The techniques of cryo-preservation, applied to animals in the 1970s and to man in the 1980s "are however very risky for the integrity and survival of the embryos, the majority of whom die or undergo irreparable damage, both in the freezing and thawing stages."

"Notwithstanding this alarming biomedical data," continues the article, "the great majority of existing legislation does not place limits on the number of embryos that can be produced in an 'in vitro' fertilization and therefore the most common situation is that there is a surplus of embryos, whose cryo- preservation is allowed, generally for transfer to the mother but at times for donation or experimentation."

"In fact, legislation which permits the cryo-preservation of embryos ... usually indicates only the maximum length of the cryo-preservation, which varies from country to country, from one to five years. ... This is a question of a prenatal slaughter, a killing (which) is not simply tolerated, but programmed and ordered by the very civil legislator transformed ... into an instrument of a perverse logic of violence and death."

"The ethical and juridical knot lies in recognizing the human qualities of the embryo and therefore in the persuasion that 'the fruit of human generation from the first moment of its existence, that is to say from the formation of the zygote, demands the unconditioned respect which is morally owed to the human being in its corporal and spiritual totality."

"Current usage is based, instead, on the denial of the embryo's ... being counted among human beings, a negation underlined by the ambiguous notion of 'pre-embryo.'

The article points out that "Donum Vitae," the 1987 Instruction by the Congregation for the Doctrine of the Faith, stated that the freezing of embryos "even if done to guarantee the preservation of life of the embryo - cryo- preservation - constitutes an offense to the respect due to human beings, in that it exposes them to grave risks of death or harm for their physical integrity, deprives them, at least temporarily, of maternal reception and gestation and places them in a situation susceptible to further offenses and manipulations."

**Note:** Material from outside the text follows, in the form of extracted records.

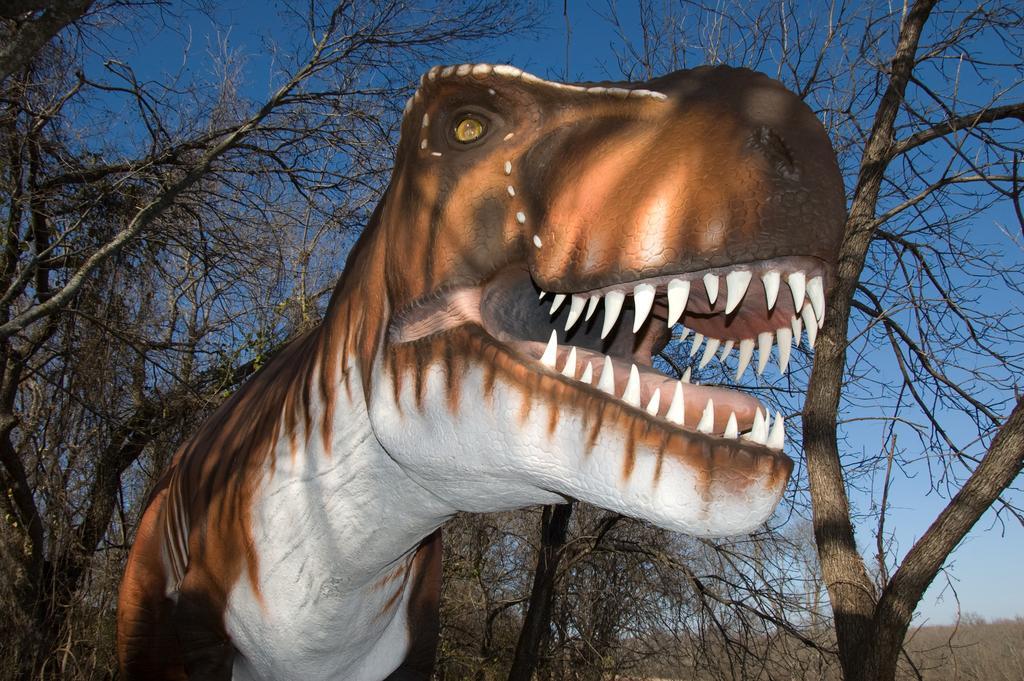How would you summarize this image in a sentence or two? There is a picture of a dinosaur and there are few trees behind it. 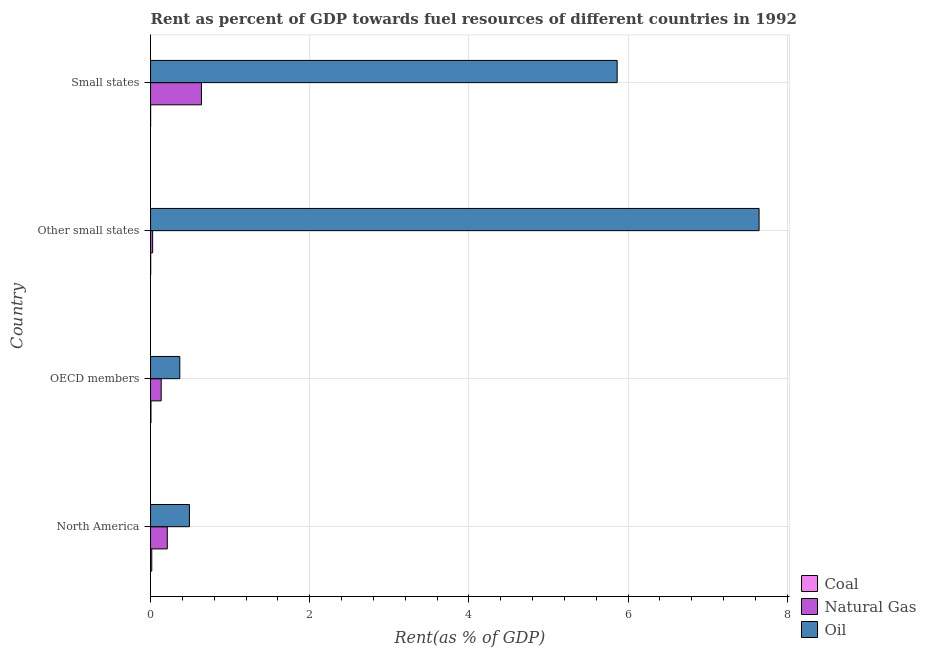Are the number of bars per tick equal to the number of legend labels?
Your answer should be very brief. Yes. Are the number of bars on each tick of the Y-axis equal?
Ensure brevity in your answer.  Yes. How many bars are there on the 4th tick from the top?
Your response must be concise. 3. How many bars are there on the 4th tick from the bottom?
Ensure brevity in your answer.  3. What is the label of the 2nd group of bars from the top?
Your answer should be very brief. Other small states. In how many cases, is the number of bars for a given country not equal to the number of legend labels?
Ensure brevity in your answer.  0. What is the rent towards coal in Small states?
Provide a short and direct response. 0. Across all countries, what is the maximum rent towards natural gas?
Make the answer very short. 0.64. Across all countries, what is the minimum rent towards oil?
Offer a terse response. 0.37. In which country was the rent towards natural gas maximum?
Provide a succinct answer. Small states. What is the total rent towards oil in the graph?
Offer a very short reply. 14.36. What is the difference between the rent towards natural gas in North America and that in OECD members?
Offer a terse response. 0.08. What is the difference between the rent towards natural gas in North America and the rent towards coal in Other small states?
Give a very brief answer. 0.21. What is the average rent towards coal per country?
Your answer should be very brief. 0.01. What is the difference between the rent towards coal and rent towards natural gas in OECD members?
Offer a very short reply. -0.13. In how many countries, is the rent towards oil greater than 4.8 %?
Your answer should be compact. 2. What is the ratio of the rent towards oil in North America to that in Other small states?
Offer a terse response. 0.06. Is the rent towards natural gas in North America less than that in Small states?
Your response must be concise. Yes. What is the difference between the highest and the second highest rent towards oil?
Keep it short and to the point. 1.78. What is the difference between the highest and the lowest rent towards oil?
Your answer should be very brief. 7.28. In how many countries, is the rent towards oil greater than the average rent towards oil taken over all countries?
Your answer should be compact. 2. What does the 1st bar from the top in North America represents?
Keep it short and to the point. Oil. What does the 2nd bar from the bottom in Small states represents?
Your answer should be compact. Natural Gas. How many bars are there?
Provide a short and direct response. 12. How many countries are there in the graph?
Keep it short and to the point. 4. Are the values on the major ticks of X-axis written in scientific E-notation?
Offer a terse response. No. Does the graph contain any zero values?
Provide a succinct answer. No. How many legend labels are there?
Offer a terse response. 3. How are the legend labels stacked?
Your answer should be very brief. Vertical. What is the title of the graph?
Offer a terse response. Rent as percent of GDP towards fuel resources of different countries in 1992. What is the label or title of the X-axis?
Make the answer very short. Rent(as % of GDP). What is the Rent(as % of GDP) of Coal in North America?
Make the answer very short. 0.02. What is the Rent(as % of GDP) in Natural Gas in North America?
Your answer should be compact. 0.21. What is the Rent(as % of GDP) in Oil in North America?
Offer a very short reply. 0.49. What is the Rent(as % of GDP) of Coal in OECD members?
Your answer should be very brief. 0.01. What is the Rent(as % of GDP) of Natural Gas in OECD members?
Make the answer very short. 0.13. What is the Rent(as % of GDP) of Oil in OECD members?
Your answer should be compact. 0.37. What is the Rent(as % of GDP) of Coal in Other small states?
Ensure brevity in your answer.  0. What is the Rent(as % of GDP) in Natural Gas in Other small states?
Give a very brief answer. 0.03. What is the Rent(as % of GDP) of Oil in Other small states?
Your answer should be compact. 7.65. What is the Rent(as % of GDP) in Coal in Small states?
Provide a short and direct response. 0. What is the Rent(as % of GDP) in Natural Gas in Small states?
Give a very brief answer. 0.64. What is the Rent(as % of GDP) of Oil in Small states?
Your response must be concise. 5.86. Across all countries, what is the maximum Rent(as % of GDP) of Coal?
Offer a terse response. 0.02. Across all countries, what is the maximum Rent(as % of GDP) of Natural Gas?
Offer a terse response. 0.64. Across all countries, what is the maximum Rent(as % of GDP) in Oil?
Give a very brief answer. 7.65. Across all countries, what is the minimum Rent(as % of GDP) of Coal?
Ensure brevity in your answer.  0. Across all countries, what is the minimum Rent(as % of GDP) of Natural Gas?
Keep it short and to the point. 0.03. Across all countries, what is the minimum Rent(as % of GDP) in Oil?
Provide a short and direct response. 0.37. What is the total Rent(as % of GDP) of Coal in the graph?
Offer a very short reply. 0.02. What is the total Rent(as % of GDP) of Natural Gas in the graph?
Ensure brevity in your answer.  1.01. What is the total Rent(as % of GDP) in Oil in the graph?
Your answer should be compact. 14.36. What is the difference between the Rent(as % of GDP) of Coal in North America and that in OECD members?
Provide a succinct answer. 0.01. What is the difference between the Rent(as % of GDP) of Natural Gas in North America and that in OECD members?
Ensure brevity in your answer.  0.08. What is the difference between the Rent(as % of GDP) in Oil in North America and that in OECD members?
Offer a terse response. 0.12. What is the difference between the Rent(as % of GDP) of Coal in North America and that in Other small states?
Your answer should be very brief. 0.01. What is the difference between the Rent(as % of GDP) in Natural Gas in North America and that in Other small states?
Your answer should be very brief. 0.18. What is the difference between the Rent(as % of GDP) of Oil in North America and that in Other small states?
Your response must be concise. -7.16. What is the difference between the Rent(as % of GDP) of Coal in North America and that in Small states?
Ensure brevity in your answer.  0.01. What is the difference between the Rent(as % of GDP) in Natural Gas in North America and that in Small states?
Offer a very short reply. -0.43. What is the difference between the Rent(as % of GDP) of Oil in North America and that in Small states?
Ensure brevity in your answer.  -5.37. What is the difference between the Rent(as % of GDP) in Coal in OECD members and that in Other small states?
Offer a terse response. 0. What is the difference between the Rent(as % of GDP) in Natural Gas in OECD members and that in Other small states?
Offer a terse response. 0.11. What is the difference between the Rent(as % of GDP) of Oil in OECD members and that in Other small states?
Offer a terse response. -7.28. What is the difference between the Rent(as % of GDP) of Coal in OECD members and that in Small states?
Provide a succinct answer. 0. What is the difference between the Rent(as % of GDP) in Natural Gas in OECD members and that in Small states?
Give a very brief answer. -0.51. What is the difference between the Rent(as % of GDP) of Oil in OECD members and that in Small states?
Ensure brevity in your answer.  -5.49. What is the difference between the Rent(as % of GDP) of Coal in Other small states and that in Small states?
Give a very brief answer. 0. What is the difference between the Rent(as % of GDP) in Natural Gas in Other small states and that in Small states?
Offer a very short reply. -0.61. What is the difference between the Rent(as % of GDP) of Oil in Other small states and that in Small states?
Make the answer very short. 1.78. What is the difference between the Rent(as % of GDP) in Coal in North America and the Rent(as % of GDP) in Natural Gas in OECD members?
Make the answer very short. -0.12. What is the difference between the Rent(as % of GDP) of Coal in North America and the Rent(as % of GDP) of Oil in OECD members?
Ensure brevity in your answer.  -0.35. What is the difference between the Rent(as % of GDP) of Natural Gas in North America and the Rent(as % of GDP) of Oil in OECD members?
Offer a terse response. -0.16. What is the difference between the Rent(as % of GDP) in Coal in North America and the Rent(as % of GDP) in Natural Gas in Other small states?
Keep it short and to the point. -0.01. What is the difference between the Rent(as % of GDP) of Coal in North America and the Rent(as % of GDP) of Oil in Other small states?
Your answer should be compact. -7.63. What is the difference between the Rent(as % of GDP) of Natural Gas in North America and the Rent(as % of GDP) of Oil in Other small states?
Ensure brevity in your answer.  -7.43. What is the difference between the Rent(as % of GDP) in Coal in North America and the Rent(as % of GDP) in Natural Gas in Small states?
Offer a terse response. -0.62. What is the difference between the Rent(as % of GDP) in Coal in North America and the Rent(as % of GDP) in Oil in Small states?
Keep it short and to the point. -5.85. What is the difference between the Rent(as % of GDP) of Natural Gas in North America and the Rent(as % of GDP) of Oil in Small states?
Ensure brevity in your answer.  -5.65. What is the difference between the Rent(as % of GDP) of Coal in OECD members and the Rent(as % of GDP) of Natural Gas in Other small states?
Ensure brevity in your answer.  -0.02. What is the difference between the Rent(as % of GDP) in Coal in OECD members and the Rent(as % of GDP) in Oil in Other small states?
Your answer should be very brief. -7.64. What is the difference between the Rent(as % of GDP) in Natural Gas in OECD members and the Rent(as % of GDP) in Oil in Other small states?
Provide a short and direct response. -7.51. What is the difference between the Rent(as % of GDP) in Coal in OECD members and the Rent(as % of GDP) in Natural Gas in Small states?
Provide a short and direct response. -0.63. What is the difference between the Rent(as % of GDP) in Coal in OECD members and the Rent(as % of GDP) in Oil in Small states?
Provide a succinct answer. -5.86. What is the difference between the Rent(as % of GDP) in Natural Gas in OECD members and the Rent(as % of GDP) in Oil in Small states?
Ensure brevity in your answer.  -5.73. What is the difference between the Rent(as % of GDP) in Coal in Other small states and the Rent(as % of GDP) in Natural Gas in Small states?
Your answer should be very brief. -0.64. What is the difference between the Rent(as % of GDP) of Coal in Other small states and the Rent(as % of GDP) of Oil in Small states?
Ensure brevity in your answer.  -5.86. What is the difference between the Rent(as % of GDP) of Natural Gas in Other small states and the Rent(as % of GDP) of Oil in Small states?
Your answer should be very brief. -5.84. What is the average Rent(as % of GDP) in Coal per country?
Keep it short and to the point. 0.01. What is the average Rent(as % of GDP) of Natural Gas per country?
Offer a very short reply. 0.25. What is the average Rent(as % of GDP) in Oil per country?
Provide a succinct answer. 3.59. What is the difference between the Rent(as % of GDP) of Coal and Rent(as % of GDP) of Natural Gas in North America?
Make the answer very short. -0.2. What is the difference between the Rent(as % of GDP) of Coal and Rent(as % of GDP) of Oil in North America?
Offer a very short reply. -0.47. What is the difference between the Rent(as % of GDP) in Natural Gas and Rent(as % of GDP) in Oil in North America?
Provide a short and direct response. -0.28. What is the difference between the Rent(as % of GDP) in Coal and Rent(as % of GDP) in Natural Gas in OECD members?
Offer a very short reply. -0.13. What is the difference between the Rent(as % of GDP) in Coal and Rent(as % of GDP) in Oil in OECD members?
Your answer should be very brief. -0.36. What is the difference between the Rent(as % of GDP) of Natural Gas and Rent(as % of GDP) of Oil in OECD members?
Provide a short and direct response. -0.23. What is the difference between the Rent(as % of GDP) in Coal and Rent(as % of GDP) in Natural Gas in Other small states?
Your response must be concise. -0.02. What is the difference between the Rent(as % of GDP) of Coal and Rent(as % of GDP) of Oil in Other small states?
Keep it short and to the point. -7.64. What is the difference between the Rent(as % of GDP) in Natural Gas and Rent(as % of GDP) in Oil in Other small states?
Your answer should be very brief. -7.62. What is the difference between the Rent(as % of GDP) of Coal and Rent(as % of GDP) of Natural Gas in Small states?
Ensure brevity in your answer.  -0.64. What is the difference between the Rent(as % of GDP) in Coal and Rent(as % of GDP) in Oil in Small states?
Your answer should be very brief. -5.86. What is the difference between the Rent(as % of GDP) in Natural Gas and Rent(as % of GDP) in Oil in Small states?
Make the answer very short. -5.22. What is the ratio of the Rent(as % of GDP) of Coal in North America to that in OECD members?
Your answer should be very brief. 2.9. What is the ratio of the Rent(as % of GDP) of Natural Gas in North America to that in OECD members?
Provide a succinct answer. 1.57. What is the ratio of the Rent(as % of GDP) of Oil in North America to that in OECD members?
Your answer should be very brief. 1.33. What is the ratio of the Rent(as % of GDP) of Coal in North America to that in Other small states?
Your answer should be very brief. 8.06. What is the ratio of the Rent(as % of GDP) of Natural Gas in North America to that in Other small states?
Provide a succinct answer. 7.91. What is the ratio of the Rent(as % of GDP) in Oil in North America to that in Other small states?
Ensure brevity in your answer.  0.06. What is the ratio of the Rent(as % of GDP) in Coal in North America to that in Small states?
Your answer should be compact. 15.48. What is the ratio of the Rent(as % of GDP) in Natural Gas in North America to that in Small states?
Provide a succinct answer. 0.33. What is the ratio of the Rent(as % of GDP) of Oil in North America to that in Small states?
Your response must be concise. 0.08. What is the ratio of the Rent(as % of GDP) of Coal in OECD members to that in Other small states?
Give a very brief answer. 2.79. What is the ratio of the Rent(as % of GDP) of Natural Gas in OECD members to that in Other small states?
Ensure brevity in your answer.  5.03. What is the ratio of the Rent(as % of GDP) of Oil in OECD members to that in Other small states?
Keep it short and to the point. 0.05. What is the ratio of the Rent(as % of GDP) of Coal in OECD members to that in Small states?
Offer a terse response. 5.35. What is the ratio of the Rent(as % of GDP) in Natural Gas in OECD members to that in Small states?
Provide a succinct answer. 0.21. What is the ratio of the Rent(as % of GDP) of Oil in OECD members to that in Small states?
Provide a succinct answer. 0.06. What is the ratio of the Rent(as % of GDP) in Coal in Other small states to that in Small states?
Give a very brief answer. 1.92. What is the ratio of the Rent(as % of GDP) of Natural Gas in Other small states to that in Small states?
Provide a short and direct response. 0.04. What is the ratio of the Rent(as % of GDP) of Oil in Other small states to that in Small states?
Offer a terse response. 1.3. What is the difference between the highest and the second highest Rent(as % of GDP) of Coal?
Your response must be concise. 0.01. What is the difference between the highest and the second highest Rent(as % of GDP) of Natural Gas?
Give a very brief answer. 0.43. What is the difference between the highest and the second highest Rent(as % of GDP) of Oil?
Keep it short and to the point. 1.78. What is the difference between the highest and the lowest Rent(as % of GDP) in Coal?
Offer a terse response. 0.01. What is the difference between the highest and the lowest Rent(as % of GDP) in Natural Gas?
Your answer should be compact. 0.61. What is the difference between the highest and the lowest Rent(as % of GDP) in Oil?
Provide a short and direct response. 7.28.

"It is not therefore licit to produce embryos 'in vitro', and even less so to produce them voluntarily in abundance, so as to make cryo-preservation necessary."

Frozen embryos, concludes the article, "are a striking example of the inextricable labyrinths in which science is imprisoned when it places itself at the service of particular interests and not at the authentic good of man, at the service of desire alone and not of reason."